THE TASK => Starting with the line that contains "Your answer should be compact. 10.28." and stopping after the line that contains "Keep it short and to the point. 10.19.", copy the entries below exactly. Include nothing else.

[Extracted records]
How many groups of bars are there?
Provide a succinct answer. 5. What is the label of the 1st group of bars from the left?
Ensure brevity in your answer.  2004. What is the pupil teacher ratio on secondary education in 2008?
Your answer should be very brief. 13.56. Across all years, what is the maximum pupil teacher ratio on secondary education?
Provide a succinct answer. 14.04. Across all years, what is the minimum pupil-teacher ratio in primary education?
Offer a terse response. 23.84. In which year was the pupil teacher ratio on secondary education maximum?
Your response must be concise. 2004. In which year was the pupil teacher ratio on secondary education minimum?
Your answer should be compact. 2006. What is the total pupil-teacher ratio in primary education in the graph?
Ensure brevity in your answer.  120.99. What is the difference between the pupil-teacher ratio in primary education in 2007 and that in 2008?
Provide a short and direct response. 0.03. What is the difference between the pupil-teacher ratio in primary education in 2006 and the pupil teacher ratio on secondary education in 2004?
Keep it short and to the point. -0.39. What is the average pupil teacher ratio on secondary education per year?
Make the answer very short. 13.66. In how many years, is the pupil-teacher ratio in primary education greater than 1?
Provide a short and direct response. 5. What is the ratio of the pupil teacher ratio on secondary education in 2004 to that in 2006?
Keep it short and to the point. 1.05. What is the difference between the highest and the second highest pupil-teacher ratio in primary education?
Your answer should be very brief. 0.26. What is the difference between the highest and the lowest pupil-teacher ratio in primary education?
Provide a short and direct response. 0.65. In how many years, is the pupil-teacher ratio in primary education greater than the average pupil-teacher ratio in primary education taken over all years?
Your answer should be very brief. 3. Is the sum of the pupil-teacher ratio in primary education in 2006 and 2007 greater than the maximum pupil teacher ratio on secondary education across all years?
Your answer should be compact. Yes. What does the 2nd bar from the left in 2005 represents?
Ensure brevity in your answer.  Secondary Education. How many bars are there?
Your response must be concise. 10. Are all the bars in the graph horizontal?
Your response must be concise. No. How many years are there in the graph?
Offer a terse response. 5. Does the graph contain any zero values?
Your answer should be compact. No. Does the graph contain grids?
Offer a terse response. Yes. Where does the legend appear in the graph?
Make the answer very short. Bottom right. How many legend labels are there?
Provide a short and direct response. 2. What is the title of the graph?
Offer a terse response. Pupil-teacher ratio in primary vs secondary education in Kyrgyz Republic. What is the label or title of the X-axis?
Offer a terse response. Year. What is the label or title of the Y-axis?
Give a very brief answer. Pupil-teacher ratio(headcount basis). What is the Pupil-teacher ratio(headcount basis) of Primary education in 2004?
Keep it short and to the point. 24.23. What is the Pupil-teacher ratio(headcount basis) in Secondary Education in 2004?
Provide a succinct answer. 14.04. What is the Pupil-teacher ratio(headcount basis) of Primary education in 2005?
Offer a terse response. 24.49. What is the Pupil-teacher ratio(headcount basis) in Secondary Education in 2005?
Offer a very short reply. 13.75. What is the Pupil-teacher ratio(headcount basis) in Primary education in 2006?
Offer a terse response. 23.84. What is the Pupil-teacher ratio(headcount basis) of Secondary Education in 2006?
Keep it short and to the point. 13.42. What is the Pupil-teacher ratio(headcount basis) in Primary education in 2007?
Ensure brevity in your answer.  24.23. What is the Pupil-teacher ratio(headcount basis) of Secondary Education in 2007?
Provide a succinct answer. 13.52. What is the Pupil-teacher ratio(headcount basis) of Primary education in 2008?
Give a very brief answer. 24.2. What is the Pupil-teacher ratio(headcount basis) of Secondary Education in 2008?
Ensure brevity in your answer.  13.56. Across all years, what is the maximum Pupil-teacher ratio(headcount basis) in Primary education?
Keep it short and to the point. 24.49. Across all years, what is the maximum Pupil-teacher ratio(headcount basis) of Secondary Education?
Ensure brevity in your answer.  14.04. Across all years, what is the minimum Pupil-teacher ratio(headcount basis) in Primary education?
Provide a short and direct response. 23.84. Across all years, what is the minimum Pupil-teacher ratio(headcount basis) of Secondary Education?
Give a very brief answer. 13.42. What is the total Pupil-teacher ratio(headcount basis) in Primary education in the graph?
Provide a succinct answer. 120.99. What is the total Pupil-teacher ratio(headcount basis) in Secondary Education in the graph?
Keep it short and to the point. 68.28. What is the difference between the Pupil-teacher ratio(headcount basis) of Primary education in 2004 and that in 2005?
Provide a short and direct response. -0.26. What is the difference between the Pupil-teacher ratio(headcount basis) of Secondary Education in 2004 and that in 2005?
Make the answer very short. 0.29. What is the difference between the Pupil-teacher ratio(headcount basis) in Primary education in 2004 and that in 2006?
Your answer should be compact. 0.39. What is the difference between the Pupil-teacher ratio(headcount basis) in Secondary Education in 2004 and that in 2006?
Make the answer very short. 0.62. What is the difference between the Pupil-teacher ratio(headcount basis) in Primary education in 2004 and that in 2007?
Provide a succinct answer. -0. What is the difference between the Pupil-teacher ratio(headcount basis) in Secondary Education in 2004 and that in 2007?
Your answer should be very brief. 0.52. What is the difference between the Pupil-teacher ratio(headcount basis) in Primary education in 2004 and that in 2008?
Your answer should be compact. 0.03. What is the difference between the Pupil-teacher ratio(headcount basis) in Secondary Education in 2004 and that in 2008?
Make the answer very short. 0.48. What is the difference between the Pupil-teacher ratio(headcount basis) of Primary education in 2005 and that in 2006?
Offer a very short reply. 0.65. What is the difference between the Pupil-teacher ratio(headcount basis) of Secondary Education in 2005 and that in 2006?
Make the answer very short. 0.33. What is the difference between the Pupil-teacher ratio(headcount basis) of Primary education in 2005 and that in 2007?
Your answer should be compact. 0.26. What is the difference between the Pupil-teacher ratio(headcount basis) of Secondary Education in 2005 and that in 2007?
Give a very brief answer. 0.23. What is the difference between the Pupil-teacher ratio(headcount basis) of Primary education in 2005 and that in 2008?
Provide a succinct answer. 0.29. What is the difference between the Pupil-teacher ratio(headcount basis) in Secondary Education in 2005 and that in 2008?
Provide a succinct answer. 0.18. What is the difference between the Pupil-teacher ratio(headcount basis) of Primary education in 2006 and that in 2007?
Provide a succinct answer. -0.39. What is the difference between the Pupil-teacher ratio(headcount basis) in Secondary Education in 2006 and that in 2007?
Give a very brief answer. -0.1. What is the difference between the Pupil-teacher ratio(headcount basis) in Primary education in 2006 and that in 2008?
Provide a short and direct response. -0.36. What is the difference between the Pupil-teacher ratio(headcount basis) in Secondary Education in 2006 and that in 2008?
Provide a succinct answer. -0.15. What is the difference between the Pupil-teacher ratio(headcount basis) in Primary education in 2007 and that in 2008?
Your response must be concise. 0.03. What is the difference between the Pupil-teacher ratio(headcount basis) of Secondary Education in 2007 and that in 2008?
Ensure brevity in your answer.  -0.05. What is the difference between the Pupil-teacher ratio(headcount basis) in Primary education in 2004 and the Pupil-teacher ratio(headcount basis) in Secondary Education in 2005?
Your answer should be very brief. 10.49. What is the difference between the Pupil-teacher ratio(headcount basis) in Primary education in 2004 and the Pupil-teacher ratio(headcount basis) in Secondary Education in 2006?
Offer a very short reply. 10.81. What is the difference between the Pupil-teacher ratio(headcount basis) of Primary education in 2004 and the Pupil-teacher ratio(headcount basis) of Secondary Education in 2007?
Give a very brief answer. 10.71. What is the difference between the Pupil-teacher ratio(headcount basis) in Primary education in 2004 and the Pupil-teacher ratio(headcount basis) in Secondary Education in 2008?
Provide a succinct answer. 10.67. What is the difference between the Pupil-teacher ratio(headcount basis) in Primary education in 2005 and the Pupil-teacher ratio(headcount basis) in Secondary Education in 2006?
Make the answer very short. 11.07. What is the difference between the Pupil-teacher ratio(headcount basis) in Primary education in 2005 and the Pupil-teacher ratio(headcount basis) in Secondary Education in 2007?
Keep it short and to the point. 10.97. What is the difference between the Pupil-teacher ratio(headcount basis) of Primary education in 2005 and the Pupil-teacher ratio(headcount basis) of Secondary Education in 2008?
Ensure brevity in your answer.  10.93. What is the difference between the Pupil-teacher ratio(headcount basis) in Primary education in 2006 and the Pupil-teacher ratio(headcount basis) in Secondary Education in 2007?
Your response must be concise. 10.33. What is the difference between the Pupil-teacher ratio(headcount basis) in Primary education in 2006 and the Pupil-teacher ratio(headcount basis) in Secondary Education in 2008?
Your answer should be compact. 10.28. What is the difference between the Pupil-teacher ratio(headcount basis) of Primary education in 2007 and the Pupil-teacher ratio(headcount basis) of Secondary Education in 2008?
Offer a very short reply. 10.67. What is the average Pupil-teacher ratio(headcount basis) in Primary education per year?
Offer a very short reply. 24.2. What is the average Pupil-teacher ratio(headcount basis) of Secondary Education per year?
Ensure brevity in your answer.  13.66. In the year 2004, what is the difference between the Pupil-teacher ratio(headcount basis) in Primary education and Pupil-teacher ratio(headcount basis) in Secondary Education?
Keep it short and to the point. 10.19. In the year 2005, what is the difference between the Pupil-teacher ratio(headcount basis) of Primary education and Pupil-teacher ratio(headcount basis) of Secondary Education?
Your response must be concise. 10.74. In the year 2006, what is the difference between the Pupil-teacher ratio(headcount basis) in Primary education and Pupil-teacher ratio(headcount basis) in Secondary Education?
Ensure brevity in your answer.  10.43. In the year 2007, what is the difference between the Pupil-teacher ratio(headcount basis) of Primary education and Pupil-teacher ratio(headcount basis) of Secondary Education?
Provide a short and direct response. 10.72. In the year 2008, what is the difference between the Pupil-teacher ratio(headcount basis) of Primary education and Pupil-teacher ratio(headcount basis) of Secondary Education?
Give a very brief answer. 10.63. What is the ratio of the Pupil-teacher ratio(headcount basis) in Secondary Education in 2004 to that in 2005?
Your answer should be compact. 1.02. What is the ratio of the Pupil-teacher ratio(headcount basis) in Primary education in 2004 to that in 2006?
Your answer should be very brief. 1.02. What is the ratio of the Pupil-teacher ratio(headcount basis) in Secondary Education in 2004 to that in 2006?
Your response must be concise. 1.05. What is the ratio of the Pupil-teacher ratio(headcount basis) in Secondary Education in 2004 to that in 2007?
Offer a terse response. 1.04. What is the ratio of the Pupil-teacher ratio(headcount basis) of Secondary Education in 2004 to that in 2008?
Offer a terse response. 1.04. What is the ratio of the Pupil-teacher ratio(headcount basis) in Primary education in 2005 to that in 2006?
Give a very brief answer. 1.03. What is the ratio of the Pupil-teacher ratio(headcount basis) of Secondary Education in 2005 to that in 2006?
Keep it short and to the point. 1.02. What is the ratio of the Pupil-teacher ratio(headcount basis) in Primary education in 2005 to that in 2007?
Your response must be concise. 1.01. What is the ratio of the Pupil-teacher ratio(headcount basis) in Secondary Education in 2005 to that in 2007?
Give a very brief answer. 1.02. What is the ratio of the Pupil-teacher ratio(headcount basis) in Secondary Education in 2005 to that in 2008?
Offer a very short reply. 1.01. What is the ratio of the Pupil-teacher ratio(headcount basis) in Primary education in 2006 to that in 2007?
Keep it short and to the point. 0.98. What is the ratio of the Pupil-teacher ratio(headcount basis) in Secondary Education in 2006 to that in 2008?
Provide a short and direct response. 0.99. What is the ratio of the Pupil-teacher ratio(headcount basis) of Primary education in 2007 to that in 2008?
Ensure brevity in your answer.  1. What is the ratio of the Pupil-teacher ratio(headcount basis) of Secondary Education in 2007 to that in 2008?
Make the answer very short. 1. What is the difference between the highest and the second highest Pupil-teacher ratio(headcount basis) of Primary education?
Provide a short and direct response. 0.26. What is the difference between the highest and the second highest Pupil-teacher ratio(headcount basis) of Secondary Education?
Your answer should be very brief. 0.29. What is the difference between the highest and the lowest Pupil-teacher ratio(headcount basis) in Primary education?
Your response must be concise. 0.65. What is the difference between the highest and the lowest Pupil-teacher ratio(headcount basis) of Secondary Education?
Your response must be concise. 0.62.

SOLVED EXERCISE =>
Your answer should be compact. 10.28. What is the difference between the Pupil-teacher ratio(headcount basis) of Primary education in 2007 and the Pupil-teacher ratio(headcount basis) of Secondary Education in 2008?
Offer a very short reply. 10.67. What is the average Pupil-teacher ratio(headcount basis) in Primary education per year?
Offer a very short reply. 24.2. What is the average Pupil-teacher ratio(headcount basis) of Secondary Education per year?
Ensure brevity in your answer.  13.66. In the year 2004, what is the difference between the Pupil-teacher ratio(headcount basis) in Primary education and Pupil-teacher ratio(headcount basis) in Secondary Education?
Keep it short and to the point. 10.19. In the year 2005, what is the difference between the Pupil-teacher ratio(headcount basis) of Primary education and Pupil-teacher ratio(headcount basis) of Secondary Education?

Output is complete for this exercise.